Department of Molecular and Cell Biology, University of California, Berkeley, Berkeley, CA 94720-3220, USA.
Dev Cell. 2011 Nov 15;21(5):934-47. doi: 10.1016/j.devcel.2011.09.001. Epub 2011 Oct 20.
Faithful segregation of homologous chromosomes during meiosis requires pairing, synapsis, and crossing-over. In C. elegans, homolog pairing and synapsis depend on pairing centers (PCs), special regions near one end of each chromosome that interact with the nuclear envelope (NE) and cytoplasmic microtubules. Here, we report that PCs are required for nuclear reorganization at the onset of meiosis. We demonstrate that PCs recruit the Polo-like kinase PLK-2 to induce NE remodeling, chromosome pairing, and synapsis. Recruitment of PLK-2 is also required to mediate a cell cycle delay and selective apoptosis of nuclei containing unsynapsed chromosomes, establishing a molecular link between these two quality control mechanisms. This work reveals unexpected functions for the conserved family of Polo-like kinases, and advances our understanding of how meiotic processes are properly coordinated to ensure transmission of genetic information from parents to progeny.
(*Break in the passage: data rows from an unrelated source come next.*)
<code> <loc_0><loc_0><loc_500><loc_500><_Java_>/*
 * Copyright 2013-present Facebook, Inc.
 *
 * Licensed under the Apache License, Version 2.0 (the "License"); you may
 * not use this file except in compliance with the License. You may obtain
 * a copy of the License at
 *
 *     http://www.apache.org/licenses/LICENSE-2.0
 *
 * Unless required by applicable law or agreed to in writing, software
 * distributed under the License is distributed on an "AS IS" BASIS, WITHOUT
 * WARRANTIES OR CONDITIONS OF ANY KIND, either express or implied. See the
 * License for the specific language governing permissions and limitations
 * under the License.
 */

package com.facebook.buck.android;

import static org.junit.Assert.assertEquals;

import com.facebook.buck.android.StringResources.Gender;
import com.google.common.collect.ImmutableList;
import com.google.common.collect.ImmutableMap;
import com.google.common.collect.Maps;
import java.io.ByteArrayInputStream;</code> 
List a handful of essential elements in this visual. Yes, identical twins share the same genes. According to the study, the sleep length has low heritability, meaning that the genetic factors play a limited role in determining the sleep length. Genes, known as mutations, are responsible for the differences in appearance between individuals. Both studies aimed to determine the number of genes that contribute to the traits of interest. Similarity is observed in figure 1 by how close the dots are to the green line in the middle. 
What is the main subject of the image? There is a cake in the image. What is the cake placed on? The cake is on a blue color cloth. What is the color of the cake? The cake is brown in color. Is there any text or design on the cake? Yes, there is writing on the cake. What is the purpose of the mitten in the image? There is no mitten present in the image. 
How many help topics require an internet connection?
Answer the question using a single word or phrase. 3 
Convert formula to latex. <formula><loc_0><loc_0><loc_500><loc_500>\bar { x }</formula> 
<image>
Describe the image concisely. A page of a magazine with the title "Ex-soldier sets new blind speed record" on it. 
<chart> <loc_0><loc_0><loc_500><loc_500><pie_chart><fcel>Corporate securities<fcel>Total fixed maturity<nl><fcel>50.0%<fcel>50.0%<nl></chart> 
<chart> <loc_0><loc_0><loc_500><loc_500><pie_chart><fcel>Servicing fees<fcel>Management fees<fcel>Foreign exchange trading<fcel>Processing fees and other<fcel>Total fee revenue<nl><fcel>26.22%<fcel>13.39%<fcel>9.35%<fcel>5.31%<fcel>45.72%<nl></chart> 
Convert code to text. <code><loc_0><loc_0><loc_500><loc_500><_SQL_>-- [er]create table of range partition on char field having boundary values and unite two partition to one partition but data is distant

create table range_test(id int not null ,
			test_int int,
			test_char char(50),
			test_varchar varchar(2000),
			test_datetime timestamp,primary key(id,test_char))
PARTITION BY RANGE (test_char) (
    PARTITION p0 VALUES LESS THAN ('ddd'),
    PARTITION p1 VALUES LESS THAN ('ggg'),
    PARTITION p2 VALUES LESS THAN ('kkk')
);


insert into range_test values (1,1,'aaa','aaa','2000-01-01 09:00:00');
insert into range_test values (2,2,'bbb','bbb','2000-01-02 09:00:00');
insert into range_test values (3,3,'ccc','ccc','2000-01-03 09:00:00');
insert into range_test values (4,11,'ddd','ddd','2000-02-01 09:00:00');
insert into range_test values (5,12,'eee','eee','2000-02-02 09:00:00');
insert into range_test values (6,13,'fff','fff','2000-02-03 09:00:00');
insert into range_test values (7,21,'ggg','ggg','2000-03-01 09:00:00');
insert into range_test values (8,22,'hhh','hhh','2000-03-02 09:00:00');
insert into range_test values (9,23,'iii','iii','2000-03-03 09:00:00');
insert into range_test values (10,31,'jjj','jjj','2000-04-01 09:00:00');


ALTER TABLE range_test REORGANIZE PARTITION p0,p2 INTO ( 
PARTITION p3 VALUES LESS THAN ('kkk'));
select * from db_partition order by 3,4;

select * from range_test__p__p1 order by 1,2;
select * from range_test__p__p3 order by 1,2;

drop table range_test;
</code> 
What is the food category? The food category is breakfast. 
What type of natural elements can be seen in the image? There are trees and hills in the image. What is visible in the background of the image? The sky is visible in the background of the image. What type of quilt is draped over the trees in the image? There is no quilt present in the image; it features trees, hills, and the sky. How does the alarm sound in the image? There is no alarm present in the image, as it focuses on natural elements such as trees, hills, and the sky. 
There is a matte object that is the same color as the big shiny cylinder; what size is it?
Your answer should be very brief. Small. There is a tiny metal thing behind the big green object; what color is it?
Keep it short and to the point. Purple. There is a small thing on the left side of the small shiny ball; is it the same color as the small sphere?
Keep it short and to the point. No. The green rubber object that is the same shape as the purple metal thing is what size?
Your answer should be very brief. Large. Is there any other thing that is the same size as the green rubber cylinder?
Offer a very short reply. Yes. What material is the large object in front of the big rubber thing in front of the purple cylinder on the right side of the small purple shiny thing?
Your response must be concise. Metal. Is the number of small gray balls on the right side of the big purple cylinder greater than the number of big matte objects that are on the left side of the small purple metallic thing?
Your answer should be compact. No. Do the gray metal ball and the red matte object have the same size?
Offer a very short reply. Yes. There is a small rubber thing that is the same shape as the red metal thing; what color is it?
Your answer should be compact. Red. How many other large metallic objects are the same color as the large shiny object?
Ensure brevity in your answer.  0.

在减数分裂过程中,同源染色体的忠实分离需要配对、联会和交叉。在秀丽隐杆线虫中,同源配对和联会依赖于配对中心(PC),这是每条染色体靠近一端的特殊区域,与核膜(NE)和细胞质微管相互作用。在这里,我们报告说 PC 对于减数分裂开始时的核重组是必需的。我们证明 PC 招募 Polo 样激酶 PLK-2 来诱导 NE 重塑、染色体配对和联会。PLK-2 的募集对于介导含有未配对染色体的核的细胞周期延迟和选择性凋亡也是必需的,这在这两种质量控制机制之间建立了分子联系。这项工作揭示了保守的 Polo 样激酶家族的意想不到的功能,并增进了我们对减数分裂过程如何被正确协调以确保遗传信息从父母传递给后代的理解。